Holoch and Tracy investigated the self-reported history of nephrolithiasis and use of antioxidants in the NHANES III. After adjusting for covariates, mean levels of alpha-carotene, beta-carotene, and beta-cryptoxanthin (known antioxidants) were significantly lower in those with kidney stones (–9.36%, –10.79%, and –8.48%, respectively). When analyzed by quartile, higher serum levels of beta-carotene and beta-cryptoxanthin trended toward a decreasing prevalence of stones (P=0.007 and P=0.03, respectively), indicating that the highest levels of these antioxidants may protect against stone formation (83).

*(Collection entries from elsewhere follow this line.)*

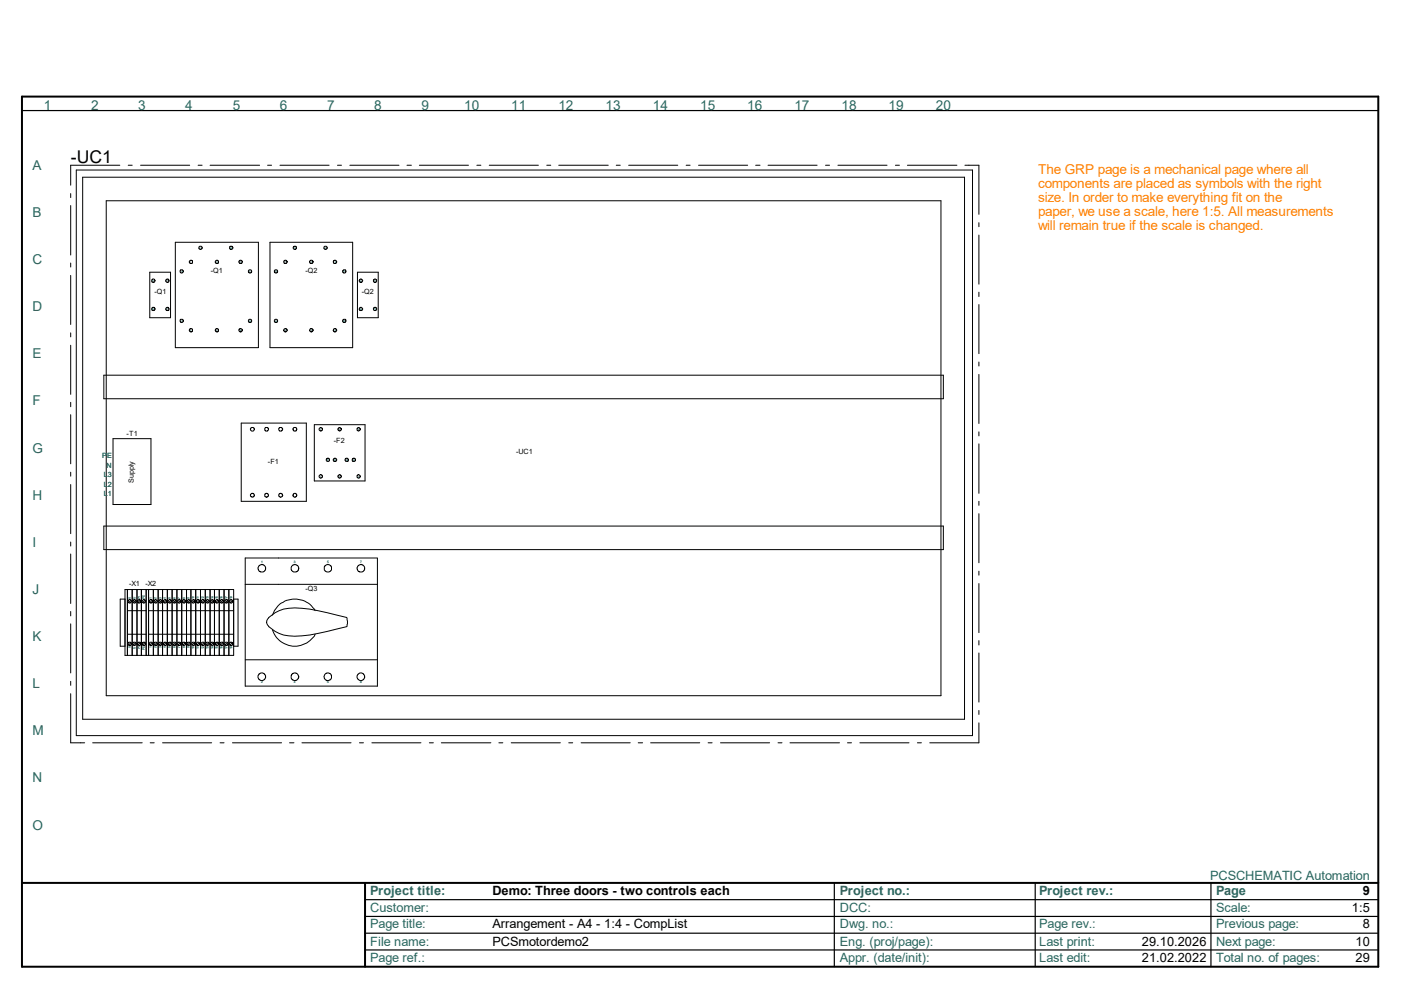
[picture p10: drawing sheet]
<svg xmlns="http://www.w3.org/2000/svg" width="297mm" height="210mm" viewBox="0 0 297 210" stroke-linecap="round" stroke-linejoin="round" font-family="sans-serif">
<defs><g id="words">
<text font-size="3.7" x="15" y="34.6">-UC1</text>
<g font-size="2.9" fill="#27675f">
<text x="9.3" y="23.4">1</text>
<text x="19.3" y="23.4">2</text>
<text x="29.3" y="23.4">3</text>
<text x="39.3" y="23.4">4</text>
<text x="49.4" y="23.4">5</text>
<text x="59.4" y="23.4">6</text>
<text x="69.3" y="23.4">7</text>
<text x="79.3" y="23.4">8</text>
<text x="89.3" y="23.4">9</text>
<text x="98.4" y="23.4">10</text>
<text x="108.4" y="23.4">11</text>
<text x="118.4" y="23.4">12</text>
<text x="128.4" y="23.4">13</text>
<text x="138.4" y="23.4">14</text>
<text x="148.4" y="23.4">15</text>
<text x="158.4" y="23.4">16</text>
<text x="168.4" y="23.4">17</text>
<text x="178.4" y="23.4">18</text>
<text x="188.4" y="23.4">19</text>
<text x="198.4" y="23.4">20</text>
<text x="6.9" y="36">A</text>
<text x="6.9" y="46">B</text>
<text x="6.9" y="55.9">C</text>
<text x="6.9" y="65.9">D</text>
<text x="6.9" y="75.9">E</text>
<text x="6.9" y="86">F</text>
<text x="6.9" y="96">G</text>
<text x="6.9" y="106">H</text>
<text x="6.9" y="116">I</text>
<text x="6.9" y="126">J</text>
<text x="6.9" y="136">K</text>
<text x="6.9" y="145.9">L</text>
<text x="6.9" y="155.9">M</text>
<text x="6.9" y="165.9">N</text>
<text x="6.9" y="176">O</text>
</g>
<g font-size="2.9" fill="#ff8000">
<text x="220" y="36.8">The GRP page is a mechanical page where all</text>
<text x="220" y="39.8">components are placed as symbols with the right</text>
<text x="220" y="42.8">size. In order to make everything fit on the</text>
<text x="220" y="45.8">paper, we use a scale, here 1:5. All measurements</text>
<text x="220" y="48.8">will remain true if the scale is changed.</text>
</g>
<g font-size="2.7" fill="#27675f">
<text x="78.5" y="189.9">Project title:</text>
<text x="178.1" y="189.9">Project no.:</text>
<text x="220.3" y="189.9">Project rev.:</text>
<text x="256.5" y="186.6">PCSCHEMATIC Automation</text>
<text x="257.8" y="189.9">Page</text>
<text x="78.5" y="193.5">Customer:</text>
<text x="78.5" y="196.9">Page title:</text>
<text x="178.1" y="196.9">Dwg. no.:</text>
<text x="178.1" y="193.5">DCC:</text>
<text x="220.3" y="196.9">Page rev.:</text>
<text x="257.8" y="196.9">Previous page:</text>
<text x="257.8" y="193.5">Scale:</text>
<text x="78.5" y="200.7">File name:</text>
<text x="78.5" y="204">Page ref.:</text>
<text x="178.1" y="204">Appr. (date/init):</text>
<text x="178.1" y="200.7">Eng. (proj/page):</text>
<text x="220.3" y="200.7">Last print:</text>
<text x="220.3" y="204">Last edit:</text>
<text x="257.8" y="200.7">Next page:</text>
<text x="257.8" y="204">Total no. of pages:</text>
</g>
<g font-size="2.7">
<text x="104.4" y="189.9">Demo: Three doors - two controls each</text>
<text x="288.9" y="189.9">9</text>
<text x="104.4" y="196.9">Arrangement - A4 - 1:4 - CompList</text>
<text x="286.6" y="193.5">1:5</text>
<text x="288.9" y="196.9">8</text>
<text x="104.4" y="200.7">PCSmotordemo2</text>
<text x="242.1" y="204">21.02.2022</text>
<text x="242.1" y="200.7">29.10.2026</text>
<text x="287.4" y="204">29</text>
<text x="287.4" y="200.7">10</text>
</g>
<g font-size="1.5">
<text x="44.7" y="57.9">-Q1</text>
<text x="64.8" y="57.9">-Q2</text>
<text x="32.8" y="62.4">-Q1</text>
<text x="76.7" y="62.4">-Q2</text>
<text x="26.8" y="92.6">-T1</text>
<text x="70.8" y="93.9">-F2</text>
<text x="56.8" y="98.4">-F1</text>
<text x="109.4" y="96.4">-UC1</text>
<text x="28.4" y="102.4" transform="rotate(-90 28.4 102.4)">Supply</text>
<text x="27.3" y="124.4">-X1</text>
<text x="30.8" y="124.4">-X2</text>
<text x="64.8" y="125.4">-Q3</text>
</g>
<g font-size="1.5" fill="#27675f">
<text x="21.7" y="97.2">PE</text>
<text x="22" y="101.2">L3</text>
<text x="22.6" y="99.3">N</text>
<text x="22" y="105.3">L1</text>
<text x="22" y="103.2">L2</text>
</g>
<g font-size=".7" fill="#27675f">
<text x="55.4" y="119.5">1</text>
<text x="62.3" y="119.5">3</text>
<text x="69.3" y="119.5">5</text>
<text x="76.4" y="119.5">7</text>
<text x="27.7" y="127.1" transform="rotate(-90 27.7 127.1)">V</text>
<text x="28.7" y="127.1" transform="rotate(-90 28.7 127.1)">U</text>
<text x="29.7" y="127.1" transform="rotate(-90 29.7 127.1)">W</text>
<text x="30.7" y="127.1" transform="rotate(-90 30.7 127.1)">PE</text>
<text x="32.2" y="127.1" transform="rotate(-90 32.2 127.1)">1</text>
<text x="33.2" y="127.1" transform="rotate(-90 33.2 127.1)">2</text>
<text x="34.2" y="127.1" transform="rotate(-90 34.2 127.1)">3</text>
<text x="35.2" y="127.1" transform="rotate(-90 35.2 127.1)">4</text>
<text x="36.2" y="127.1" transform="rotate(-90 36.2 127.1)">5</text>
<text x="37.2" y="127.1" transform="rotate(-90 37.2 127.1)">6</text>
<text x="38.2" y="127.1" transform="rotate(-90 38.2 127.1)">7</text>
<text x="39.2" y="127.1" transform="rotate(-90 39.2 127.1)">8</text>
<text x="40.2" y="127.1" transform="rotate(-90 40.2 127.1)">9</text>
<text x="41.2" y="127.1" transform="rotate(-90 41.2 127.1)">10</text>
<text x="42.2" y="127.1" transform="rotate(-90 42.2 127.1)">11</text>
<text x="43.2" y="127.1" transform="rotate(-90 43.2 127.1)">12</text>
<text x="44.2" y="127.1" transform="rotate(-90 44.2 127.1)">13</text>
<text x="45.2" y="127.1" transform="rotate(-90 45.2 127.1)">14</text>
<text x="46.2" y="127.1" transform="rotate(-90 46.2 127.1)">15</text>
<text x="47.2" y="127.1" transform="rotate(-90 47.2 127.1)">16</text>
<text x="48.2" y="127.1" transform="rotate(-90 48.2 127.1)">17</text>
<text x="49.2" y="127.1" transform="rotate(-90 49.2 127.1)">18</text>
<text x="27.7" y="137.5" transform="rotate(-90 27.7 137.5)">V</text>
<text x="28.7" y="137.6" transform="rotate(-90 28.7 137.6)">U</text>
<text x="29.7" y="137.8" transform="rotate(-90 29.7 137.8)">W</text>
<text x="30.7" y="137.9" transform="rotate(-90 30.7 137.9)">PE</text>
<text x="32.2" y="137.4" transform="rotate(-90 32.2 137.4)">1</text>
<text x="33.2" y="137.4" transform="rotate(-90 33.2 137.4)">2</text>
<text x="34.2" y="137.4" transform="rotate(-90 34.2 137.4)">3</text>
<text x="35.2" y="137.4" transform="rotate(-90 35.2 137.4)">4</text>
<text x="36.2" y="137.4" transform="rotate(-90 36.2 137.4)">5</text>
<text x="37.2" y="137.4" transform="rotate(-90 37.2 137.4)">6</text>
<text x="38.2" y="137.4" transform="rotate(-90 38.2 137.4)">7</text>
<text x="39.2" y="137.4" transform="rotate(-90 39.2 137.4)">8</text>
<text x="40.2" y="137.4" transform="rotate(-90 40.2 137.4)">9</text>
<text x="41.2" y="137.8" transform="rotate(-90 41.2 137.8)">10</text>
<text x="42.2" y="137.8" transform="rotate(-90 42.2 137.8)">11</text>
<text x="43.2" y="137.8" transform="rotate(-90 43.2 137.8)">12</text>
<text x="44.2" y="137.8" transform="rotate(-90 44.2 137.8)">13</text>
<text x="45.2" y="137.8" transform="rotate(-90 45.2 137.8)">14</text>
<text x="46.2" y="137.8" transform="rotate(-90 46.2 137.8)">15</text>
<text x="47.2" y="137.8" transform="rotate(-90 47.2 137.8)">16</text>
<text x="48.2" y="137.8" transform="rotate(-90 48.2 137.8)">17</text>
<text x="49.2" y="137.8" transform="rotate(-90 49.2 137.8)">18</text>
<text x="55.4" y="145">2</text>
<text x="62.3" y="145">4</text>
<text x="69.3" y="145">6</text>
<text x="76.4" y="145">8</text>
</g>
<g font-size=".5" fill="#27675f">
<text x="42.2" y="52.8">A1</text>
<text x="48.8" y="52.8">A2</text>
<text x="62.2" y="52.8">A1</text>
<text x="68.7" y="52.8">A2</text>
<text x="32.3" y="59.7">63</text>
<text x="35.2" y="59.7">71</text>
<text x="38.3" y="57.8">13</text>
<text x="40.3" y="55.7">1</text>
<text x="45.9" y="55.7">3</text>
<text x="50.9" y="55.7">5</text>
<text x="52.7" y="57.8">21</text>
<text x="58.3" y="57.8">13</text>
<text x="60.4" y="55.7">1</text>
<text x="65.9" y="55.7">3</text>
<text x="71" y="55.7">5</text>
<text x="72.7" y="57.8">21</text>
<text x="76.3" y="59.7">63</text>
<text x="79.2" y="59.7">71</text>
<text x="32.3" y="65.7">64</text>
<text x="35.2" y="65.7">72</text>
<text x="76.3" y="65.7">64</text>
<text x="79.2" y="65.7">72</text>
<text x="38.3" y="68.3">14</text>
<text x="40.3" y="70.2">2</text>
<text x="45.9" y="70.2">4</text>
<text x="50.9" y="70.2">6</text>
<text x="52.7" y="68.3">22</text>
<text x="58.3" y="68.3">14</text>
<text x="60.4" y="70.2">2</text>
<text x="65.9" y="70.2">4</text>
<text x="71" y="70.2">6</text>
<text x="72.7" y="68.3">22</text>
<text x="67.8" y="91.2">1</text>
<text x="71.8" y="91.2">3</text>
<text x="75.9" y="91.2">5</text>
<text x="67.8" y="101.3">2</text>
<text x="69.3" y="97.7">97</text>
<text x="70.8" y="97.7">98</text>
<text x="71.8" y="101.3">4</text>
<text x="73.2" y="97.7">95</text>
<text x="74.8" y="97.7">96</text>
<text x="75.9" y="101.3">6</text>
</g>
</g></defs>
<path d="M4.7 20.5h287.5v184.6h-287.5zM4.7 187.3h287.5M77.4 187.3v17.8" fill="none" stroke="#000" stroke-width=".42"/>
<path d="M4.8 23.5h287.4M77.4 194.4h214.6M77.4 198h214.6M77.4 190.8h214.8M176.9 187.3v17.8M219.5 187.3v17.8M256.7 187.3v17.8M77.4 201.5h214.6" fill="none" stroke="#000" stroke-width=".25"/>
<g fill="none" stroke="#000" stroke-width=".21">
<path d="M16.2 36.1h190v119.9h-190zM17.5 37.6h187v115h-187zM25.4 35.1h-10.4v4.2M27.2 35.1h.8M29.8 35.1h10.4M42 35.1h.8M44.5 35.1h10.5M56.7 35.1h.9M59.4 35.1h10.4M71.5 35.1h.9M74.2 35.1h10.4M86.3 35.1h.9"/>
<path d="M88.9 35.1h10.4M101.1 35.1h.8M103.7 35.1h10.4M115.9 35.1h.9M118.4 35.1h10.5M130.6 35.1h.9M133.3 35.1h10.4M145.5 35.1h.8M148.1 35.1h10.4M160.2 35.1h.9M162.8 35.1h10.4M175 35.1h.9"/>
<path d="M177.6 35.1h10.4M189.8 35.1h.9M192.4 35.1h10.5M204.6 35.1h2.9v10.4M15 41.1v.8M15 43.6v10.5M15 55.8v.8M15 58.4v10.4M22.5 42.6h177v105h-177zM31.7 57.7h4.5v9.7h-4.5zM37.2 51.4h17.6v22.3h-17.6zM40.2 55.3a.37 .37 0 0 1 .6 0 .37 .37 0 0 1-.2 .6 .37 .37 0 0 1-.5-.4z"/>
<path d="M57.2 51.4h17.6v22.3h-17.6zM75.8 57.7h4.4v9.7h-4.4zM207.5 47.2v.9M207.5 49.9v10.4M15 70.6v.9M15 73.2v10.5M22 79.6h178v5h-178zM207.5 62v.9M207.5 64.6v10.4M207.5 76.8v.8M207.5 79.4v10.4M15 85.3v1"/>
<path d="M15 88v10.4M24 93h8v14h-8zM51.1 89.7h13.8v16.6h-13.8zM66.6 90.1h10.8v11.9h-10.8zM207.5 91.6v.9M207.5 94.1v10.5M15 100.2v.8M15 102.8v10.4M15 115v.8M15 117.5v10.5M22 111.6h178v5h-178zM71.6 100.9a.39 .39 0 0 1 .5-.2 .39 .39 0 0 1 .3 .5 .39 .39 0 0 1-.5 .2l-.3-.2z"/>
<path d="M79.9 118.4h-27.9v27.1h28v-27.1M207.5 106.3v.9M207.5 109v10.4M15 129.7v.9M15 132.3v10.4M26.5 125.1h23v13.9h-23zM26.5 127.1h-1v10h1M27 129.5h4M27 134.5h4M27 125.1v13.9M27.8 127.3l-.5 .5M27.8 136.3l-.5 .5"/>
<path d="M28 125.1v13.9M28.2 136.3a.36 .36 0 0 1 .6 .2 .36 .36 0 0 1-.4 .4l-.3-.3zM28.8 127.3l-.5 .5M28.8 136.3l-.5 .5M29 125.1v13.9M29.1 127.4a.39 .39 0 0 1 .5-.2 .39 .39 0 0 1 .3 .5 .39 .39 0 0 1-.5 .2l-.3-.2zM29.2 136.3a.34 .34 0 0 1 .5 0 .34 .34 0 0 1 0 .4 .34 .34 0 0 1-.4 .1l-.2-.1zM29.7 127.3l-.5 .5M29.7 136.3l-.5 .5M30 125.1v13.9M30.7 127.3l-.5 .5M30.7 136.3l-.5 .5"/>
<path d="M31 125.1v13.9M31.5 129.5h18M31.5 134.5h18M31.5 125.1v13.9M32.3 127.3l-.6 .5M32.3 136.3l-.6 .5M32.5 125.1v13.9M33.3 127.3l-.5 .5M33.3 136.3l-.5 .5M33.5 125.1v13.9M34.3 127.3l-.5 .5M34.3 136.3l-.5 .5"/>
<path d="M34.5 125.1v13.9M34.7 136.3a.34 .34 0 0 1 .5 0 .34 .34 0 0 1 .1 .4 .34 .34 0 0 1-.5 .1l-.2-.1zM35.2 127.3l-.5 .5M35.2 136.3l-.5 .5M35.5 125.1v13.9M36.2 127.3l-.5 .5M36.2 136.3l-.5 .5M36.5 125.1v13.9M37.3 127.3l-.6 .5M37.3 136.3l-.6 .5M37.5 125.1v13.9M38.3 127.3l-.5 .5"/>
<path d="M38.3 136.3l-.5 .5M38.5 125.1v13.9M39.3 127.3l-.5 .5M39.3 136.3l-.5 .5M39.5 125.1v13.9M40.2 127.3l-.4 .5M40.2 136.3l-.4 .5M40.5 125.1v13.9M41.2 127.3l-.5 .5M41.2 136.3l-.5 .5M41.5 125.1v13.9M42.2 127.3l-.5 .5"/>
<path d="M42.2 136.3l-.5 .5M42.5 125.1v13.9M43.3 127.3l-.5 .5M43.3 136.3l-.5 .5M43.5 125.1v13.9M44.3 127.3l-.5 .5M44.3 136.3l-.5 .5M44.5 125.1v13.9M45.2 127.3l-.4 .5M45.2 136.3l-.4 .5M45.5 125.1v13.9M46.2 127.3l-.5 .5"/>
<path d="M46.2 136.3l-.5 .5M46.5 125.1v13.9M47.2 127.3l-.5 .5M47.2 136.3l-.5 .5M47.5 125.1v13.9M48.3 127.3l-.5 .5M48.3 136.3l-.5 .5M48.5 125.1v13.9M49.3 127.3l-.5 .5M49.3 136.3l-.5 .5M49.5 127.1h1v10h-1M52 124h28"/>
<path d="M52 140h28M57 131a8 8 0 0 1 7-2l3.4 .5 6.1 1.5 .2 .7-.2 1.2-4.2 1a21.6 21.6 0 0 1-9.2 .8 6.9 6.9 0 0 1-3.5-2.3 1.3 1.3 0 0 1 .4-1.4zM57.7 133.6a5 5 0 0 0 4.3 3.4 5 5 0 0 0 4.8-2.5M66.8 129.5a5 5 0 0 0-4.8-2.4 5 5 0 0 0-4.3 3.4M207.5 121.2v.8M207.5 123.8v10.4M207.5 135.9v.9M207.5 138.5v10.4M15 147.2v10.4h2.9M15 144.5v.9M19.6 157.6h10.5M31.8 157.6h.9"/>
<path d="M34.5 157.6h10.4M46.7 157.6h.8M49.3 157.6h10.4M61.4 157.6h.9M64 157.6h10.4M76.2 157.6h.8M78.8 157.6h10.4M91 157.6h.9M93.6 157.6h10.5M105.7 157.6h.9M108.4 157.6h10.4M120.6 157.6h.8"/>
<path d="M123.2 157.6h10.4M135.3 157.6h.9M137.9 157.6h10.4M150.1 157.6h.9M152.7 157.6h10.5M164.9 157.6h.9M167.5 157.6h10.5M179.7 157.6h.8M182.3 157.6h10.4M194.5 157.6h.8M207.5 150.7v.9M207.5 153.3v4.3h-10.4"/>
<circle cx="32.5" cy="59.5" r=".35"/>
<circle cx="35.5" cy="59.6" r=".33"/>
<circle cx="38.5" cy="57.6" r=".36"/>
<circle cx="42.5" cy="52.5" r=".34"/>
<circle cx="46" cy="55.6" r=".34"/>
<circle cx="49" cy="52.6" r=".36"/>
<circle cx="51" cy="55.6" r=".37"/>
<circle cx="53" cy="57.6" r=".36"/>
<circle cx="58.5" cy="57.6" r=".36"/>
<circle cx="60.5" cy="55.6" r=".36"/>
<circle cx="62.5" cy="52.5" r=".34"/>
<circle cx="66" cy="55.5" r=".35"/>
<circle cx="69" cy="52.5" r=".34"/>
<circle cx="71" cy="55.6" r=".36"/>
<circle cx="73" cy="57.5" r=".34"/>
<circle cx="76.5" cy="59.6" r=".36"/>
<circle cx="79.5" cy="59.5" r=".35"/>
<circle cx="32.5" cy="65.5" r=".36"/>
<circle cx="35.5" cy="65.6" r=".34"/>
<circle cx="38.5" cy="68.1" r=".36"/>
<circle cx="40.5" cy="70" r=".35"/>
<circle cx="46" cy="70" r=".33"/>
<circle cx="51" cy="70" r=".35"/>
<circle cx="53" cy="68.1" r=".36"/>
<circle cx="58.5" cy="68.1" r=".36"/>
<circle cx="60.5" cy="70.1" r=".36"/>
<circle cx="66" cy="70.1" r=".34"/>
<circle cx="71" cy="70.1" r=".36"/>
<circle cx="73" cy="68" r=".34"/>
<circle cx="76.5" cy="65.6" r=".37"/>
<circle cx="79.5" cy="65.5" r=".36"/>
<circle cx="53.5" cy="91" r=".41"/>
<circle cx="56.5" cy="91" r=".39"/>
<circle cx="59.5" cy="91.1" r=".45"/>
<circle cx="62.5" cy="91.1" r=".4"/>
<circle cx="68" cy="91.1" r=".35"/>
<circle cx="69.5" cy="97.5" r=".35"/>
<circle cx="71" cy="97.6" r=".36"/>
<circle cx="72" cy="91.1" r=".37"/>
<circle cx="73.5" cy="97.5" r=".36"/>
<circle cx="75" cy="97.5" r=".36"/>
<circle cx="76" cy="91" r=".36"/>
<circle cx="53.5" cy="105.1" r=".43"/>
<circle cx="56.5" cy="105.1" r=".38"/>
<circle cx="59.5" cy="105.1" r=".41"/>
<circle cx="62.5" cy="105" r=".4"/>
<circle cx="68" cy="101" r=".36"/>
<circle cx="76" cy="101.1" r=".36"/>
<circle cx="27.5" cy="136.5" r=".34"/>
<circle cx="27.5" cy="127.6" r=".33"/>
<circle cx="28.5" cy="127.5" r=".34"/>
<circle cx="30.5" cy="136.6" r=".36"/>
<circle cx="30.5" cy="127.5" r=".36"/>
<circle cx="32" cy="136.6" r=".36"/>
<circle cx="32" cy="127.6" r=".35"/>
<circle cx="33" cy="136.5" r=".34"/>
<circle cx="33" cy="127.5" r=".34"/>
<circle cx="34" cy="136.5" r=".37"/>
<circle cx="34" cy="127.5" r=".34"/>
<circle cx="35" cy="127.5" r=".38"/>
<circle cx="36" cy="136.6" r=".36"/>
<circle cx="36" cy="127.5" r=".36"/>
<circle cx="37" cy="136.6" r=".36"/>
<circle cx="37" cy="127.6" r=".35"/>
<circle cx="38" cy="136.5" r=".34"/>
<circle cx="38" cy="127.6" r=".33"/>
<circle cx="39" cy="136.6" r=".36"/>
<circle cx="39" cy="127.6" r=".36"/>
<circle cx="40" cy="136.6" r=".38"/>
<circle cx="40" cy="127.6" r=".37"/>
<circle cx="41" cy="136.6" r=".35"/>
<circle cx="41" cy="127.6" r=".33"/>
<circle cx="42" cy="136.6" r=".36"/>
<circle cx="42" cy="127.6" r=".35"/>
<circle cx="43" cy="136.6" r=".37"/>
<circle cx="43" cy="127.6" r=".33"/>
<circle cx="44" cy="127.6" r=".36"/>
<circle cx="44" cy="136.6" r=".35"/>
<circle cx="45" cy="136.6" r=".39"/>
<circle cx="45" cy="127.6" r=".34"/>
<circle cx="46" cy="136.6" r=".35"/>
<circle cx="46" cy="127.6" r=".33"/>
<circle cx="47" cy="127.5" r=".38"/>
<circle cx="47" cy="136.5" r=".34"/>
<circle cx="48" cy="136.6" r=".36"/>
<circle cx="48" cy="127.6" r=".35"/>
<circle cx="49" cy="136.5" r=".34"/>
<circle cx="49" cy="127.5" r=".34"/>
<circle cx="55.5" cy="120.6" r=".8"/>
<circle cx="62.5" cy="120.6" r=".8"/>
<circle cx="69.5" cy="120.5" r=".79"/>
<circle cx="76.5" cy="120.6" r=".8"/>
<circle cx="55.5" cy="143.5" r=".8"/>
<circle cx="62.5" cy="143.5" r=".82"/>
<circle cx="69.5" cy="143.6" r=".79"/>
<circle cx="76.5" cy="143.6" r=".79"/>
</g>
<use href="#words"/>
</svg>

Using a rat model, Tsujihata et al. found that urinary levels of biomarkers for renal tubular cell injury, NAG and OS (8-hydroxy-2' deoxyguanosine) were decreased significantly by atorvastatin treatment. Furthermore, atorvastatin treatment decreased the apoptosis of renal tubular cells. They found that the administration of atorvastatin to stone forming rats significantly lowered crystalline deposits on quantitative light microscopy analysis of kidney specimens. The investigators hypothesized that anti-inflammatory and anti-oxidative effects of the drug were responsible, through preventing renal tubular cell injury from oxalate and subsequently inhibiting renal crystal retention and stone formation (84,85). These results provide more support that a pro-inflammatory state may be an important mediator of stone formation. Given the association between CV disease, MS and chronic inflammation, the use of antioxidants, especially statins, which have proven benefit in reducing CV morbidity and mortality in patients with MS, must be further studied to assess their efficacy in preventing nephrolithiasis in this high-risk group.

Conclusions

Increasing evidence suggests that synergistic effects of the components of MS lead to an increased risk of kidney stone disease. Therefore, the pathophysiology explaining increased stone risk related to MS likely goes beyond simple cumulative effects on urine chemistry by the individual traits of the syndrome, indicating complex and dynamic shared systemic influences likely at play. One unifying theory such as common systemic malfunction of inflammation and tissue damage as an underlying mechanism is a possibility, but it is unlikely to be the only mechanistic explanation. Further research is needed to investigate this and other hypotheses that go beyond population based and urine physiochemical studies in order to elucidate the mechanisms behind the individual disease states themselves.